WHAT DO YOU MEAN THERE AIN’T NO QUANTITY CLAUSE?

To return to the issue of scale. Delivering and producing a movie is relatively easy. Size complicates. Always does. To deliver many films—films of a reputable size, with reputable buzz, according to a regular schedule, maintaining a reliable profit—is a thornier game.

Anybody who trains with weights—or “lifts,” to use the purer term—knows that there’s qualitatively no difference in heavy and lighter weights. It’s a matter of quantity. But as a wise man once said, quantity has a quality all its own. Netflix aims for content, but growing up and growing large is a whole other league of trouble. When you hoist hundreds of pounds above your head, the consequences for injury and damage are so much greater, movement takes longer, and posture is more important. And so it is with companies.

Why do you think Disney has been so careful not to get into streaming? Why haven’t they lined America with their cinematic plumbing? They tried, in a way, when they bought ABC. But being both a content and a delivery company is a curious labyrinth, even for an old, wise company like the House of Mouse. Being online means being very watchful. You don’t have to spend a lot of money to be Netflix (or Netflix’s replacement), you just have to be very precise. A diving falcon, gifted with the power of flight by way of hollow bones, hits only with gravity’s aid, but strikes true, at the back of the neck. Disney must do the same. They will try to do the same.

Onlookers imagine that Netflix and Disney are as peerless as the stars, and unchangeable; they set the course, and the rest of us must follow. In reality, they are as subject to the whims of the public and the market as the guy with a street cart.
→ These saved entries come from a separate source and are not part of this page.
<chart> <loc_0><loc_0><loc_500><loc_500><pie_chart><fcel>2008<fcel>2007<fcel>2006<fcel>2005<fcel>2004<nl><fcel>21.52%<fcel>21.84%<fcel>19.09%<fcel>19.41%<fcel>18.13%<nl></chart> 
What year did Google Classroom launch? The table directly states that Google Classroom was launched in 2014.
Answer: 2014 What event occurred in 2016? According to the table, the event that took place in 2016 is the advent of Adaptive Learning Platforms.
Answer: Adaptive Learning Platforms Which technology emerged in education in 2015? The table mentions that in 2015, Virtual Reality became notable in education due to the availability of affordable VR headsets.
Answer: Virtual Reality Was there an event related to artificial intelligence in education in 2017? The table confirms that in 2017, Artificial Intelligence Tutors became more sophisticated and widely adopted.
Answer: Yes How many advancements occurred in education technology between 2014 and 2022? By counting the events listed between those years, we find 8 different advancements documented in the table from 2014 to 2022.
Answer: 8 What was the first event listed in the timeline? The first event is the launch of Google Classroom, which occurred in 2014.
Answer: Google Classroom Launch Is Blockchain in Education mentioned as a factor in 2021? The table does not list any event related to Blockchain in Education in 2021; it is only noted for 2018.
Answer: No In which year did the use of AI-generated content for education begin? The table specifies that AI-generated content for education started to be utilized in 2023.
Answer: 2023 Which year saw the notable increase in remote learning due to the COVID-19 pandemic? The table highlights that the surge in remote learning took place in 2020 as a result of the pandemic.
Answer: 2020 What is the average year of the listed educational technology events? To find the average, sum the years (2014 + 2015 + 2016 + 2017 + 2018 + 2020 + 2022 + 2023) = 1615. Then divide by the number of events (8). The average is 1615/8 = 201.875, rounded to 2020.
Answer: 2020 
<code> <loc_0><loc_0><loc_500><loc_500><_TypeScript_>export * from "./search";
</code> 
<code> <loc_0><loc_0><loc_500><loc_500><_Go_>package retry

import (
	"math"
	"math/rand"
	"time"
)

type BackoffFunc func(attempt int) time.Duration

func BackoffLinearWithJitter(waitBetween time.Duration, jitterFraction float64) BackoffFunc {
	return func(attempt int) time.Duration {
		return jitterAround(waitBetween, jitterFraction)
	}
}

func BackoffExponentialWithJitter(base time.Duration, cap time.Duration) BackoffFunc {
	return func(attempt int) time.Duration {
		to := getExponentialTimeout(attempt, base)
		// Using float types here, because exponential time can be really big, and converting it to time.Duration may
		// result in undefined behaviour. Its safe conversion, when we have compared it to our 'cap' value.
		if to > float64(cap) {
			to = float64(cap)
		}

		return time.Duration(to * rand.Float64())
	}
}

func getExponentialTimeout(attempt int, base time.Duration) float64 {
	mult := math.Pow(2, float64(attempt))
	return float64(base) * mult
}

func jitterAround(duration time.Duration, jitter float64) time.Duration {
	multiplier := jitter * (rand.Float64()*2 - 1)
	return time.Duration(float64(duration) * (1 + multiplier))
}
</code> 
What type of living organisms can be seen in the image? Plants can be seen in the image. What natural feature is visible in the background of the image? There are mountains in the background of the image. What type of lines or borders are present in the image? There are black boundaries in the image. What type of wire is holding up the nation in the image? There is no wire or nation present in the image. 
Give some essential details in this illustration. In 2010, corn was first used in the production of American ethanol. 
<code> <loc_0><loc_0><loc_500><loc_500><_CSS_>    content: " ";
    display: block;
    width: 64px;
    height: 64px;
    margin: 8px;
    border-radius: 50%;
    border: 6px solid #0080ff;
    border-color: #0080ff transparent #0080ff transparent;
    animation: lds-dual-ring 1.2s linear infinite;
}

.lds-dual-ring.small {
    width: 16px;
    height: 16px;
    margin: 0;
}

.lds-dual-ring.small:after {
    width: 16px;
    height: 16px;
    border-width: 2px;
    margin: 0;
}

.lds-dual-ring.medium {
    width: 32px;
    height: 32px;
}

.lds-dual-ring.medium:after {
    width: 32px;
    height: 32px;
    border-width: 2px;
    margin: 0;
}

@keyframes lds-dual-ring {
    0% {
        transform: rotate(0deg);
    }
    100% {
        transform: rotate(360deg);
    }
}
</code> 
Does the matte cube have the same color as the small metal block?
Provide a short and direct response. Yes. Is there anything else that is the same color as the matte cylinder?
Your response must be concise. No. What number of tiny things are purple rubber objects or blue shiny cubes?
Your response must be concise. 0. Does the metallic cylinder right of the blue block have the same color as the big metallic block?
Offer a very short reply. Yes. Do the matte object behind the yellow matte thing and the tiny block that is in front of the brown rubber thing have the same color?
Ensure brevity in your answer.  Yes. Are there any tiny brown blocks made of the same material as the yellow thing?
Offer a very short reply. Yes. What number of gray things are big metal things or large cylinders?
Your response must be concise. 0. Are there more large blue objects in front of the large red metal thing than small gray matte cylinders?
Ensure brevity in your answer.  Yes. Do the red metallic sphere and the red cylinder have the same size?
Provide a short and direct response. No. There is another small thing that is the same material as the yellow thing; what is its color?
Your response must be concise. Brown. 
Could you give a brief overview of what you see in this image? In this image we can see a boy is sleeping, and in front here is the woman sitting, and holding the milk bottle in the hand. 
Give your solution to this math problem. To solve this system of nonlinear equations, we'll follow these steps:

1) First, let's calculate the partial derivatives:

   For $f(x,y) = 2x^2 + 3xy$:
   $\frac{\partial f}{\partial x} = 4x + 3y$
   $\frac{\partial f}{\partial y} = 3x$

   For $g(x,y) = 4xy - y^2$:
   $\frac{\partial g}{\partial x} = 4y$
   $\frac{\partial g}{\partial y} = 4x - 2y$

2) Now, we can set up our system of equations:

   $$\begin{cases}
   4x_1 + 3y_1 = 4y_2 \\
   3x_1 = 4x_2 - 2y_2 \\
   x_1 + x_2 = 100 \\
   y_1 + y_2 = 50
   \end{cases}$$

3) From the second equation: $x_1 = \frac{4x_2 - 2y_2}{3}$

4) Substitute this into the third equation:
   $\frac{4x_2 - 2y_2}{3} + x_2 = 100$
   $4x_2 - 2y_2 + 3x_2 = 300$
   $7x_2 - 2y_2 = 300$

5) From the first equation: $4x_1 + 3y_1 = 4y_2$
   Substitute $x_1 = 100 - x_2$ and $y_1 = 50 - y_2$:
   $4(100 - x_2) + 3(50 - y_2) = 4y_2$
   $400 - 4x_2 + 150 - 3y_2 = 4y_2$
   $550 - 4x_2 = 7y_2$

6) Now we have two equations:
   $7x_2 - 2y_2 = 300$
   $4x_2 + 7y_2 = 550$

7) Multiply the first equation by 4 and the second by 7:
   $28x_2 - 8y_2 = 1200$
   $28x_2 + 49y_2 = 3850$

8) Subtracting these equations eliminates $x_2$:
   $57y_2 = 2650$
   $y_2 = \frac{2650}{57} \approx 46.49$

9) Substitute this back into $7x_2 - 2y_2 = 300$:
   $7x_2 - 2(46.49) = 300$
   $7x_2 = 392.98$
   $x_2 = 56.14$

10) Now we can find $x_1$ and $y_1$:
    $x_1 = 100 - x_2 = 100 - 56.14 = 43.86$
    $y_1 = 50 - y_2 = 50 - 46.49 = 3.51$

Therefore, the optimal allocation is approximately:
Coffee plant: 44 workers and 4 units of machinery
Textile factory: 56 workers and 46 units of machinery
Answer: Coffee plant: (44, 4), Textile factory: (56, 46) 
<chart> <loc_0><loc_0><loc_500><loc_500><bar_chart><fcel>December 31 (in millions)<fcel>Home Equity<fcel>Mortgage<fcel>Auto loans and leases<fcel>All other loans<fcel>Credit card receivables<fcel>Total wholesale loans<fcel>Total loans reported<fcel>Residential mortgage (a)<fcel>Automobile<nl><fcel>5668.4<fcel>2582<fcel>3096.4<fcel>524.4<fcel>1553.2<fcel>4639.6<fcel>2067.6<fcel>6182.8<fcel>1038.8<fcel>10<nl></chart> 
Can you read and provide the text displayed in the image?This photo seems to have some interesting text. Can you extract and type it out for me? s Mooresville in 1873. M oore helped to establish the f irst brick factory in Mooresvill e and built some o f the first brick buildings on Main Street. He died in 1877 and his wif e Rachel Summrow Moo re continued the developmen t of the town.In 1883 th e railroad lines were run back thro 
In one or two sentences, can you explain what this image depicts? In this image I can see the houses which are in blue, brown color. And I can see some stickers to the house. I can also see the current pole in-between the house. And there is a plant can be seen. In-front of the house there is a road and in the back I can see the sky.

Like Germany and Russia, Netflix and Disney tend to have designs on the other. The Walt Disney Corporation aims to stream, and our friends at Netflix are architecting up their own programming. In the world of entertainment, vertical integration—owning every step in the process—is a real possibility. But the nature of expansion raises real questions about what entertainment companies do, and what they should do. We are moving closer to a world in which content and delivery are the same. These two companies—both so eager to own two steps of the assembly line—suggest what is coming.

There was a time when Hollywood studios owned the motion-picture house of America; in fact, they had a monopoly on the joints. That fact shaped, for better or worse, the nature of movies during the early part of the Twentieth Century. The courts smashed that monopoly, and the whole abundance of postwar filmdom bucket-spilled out from that single stroke. And here we are, in a new field of play.

Combining the development and delivery of moving pictures will have a similar effect in the Twenty-First. The audience stays the same. The material remains roughly unchanged: captured images of a world. But behind the preservation of motion are continual motions of preservation: and they are far more interesting than anything that was ever seen on the screen, large or small.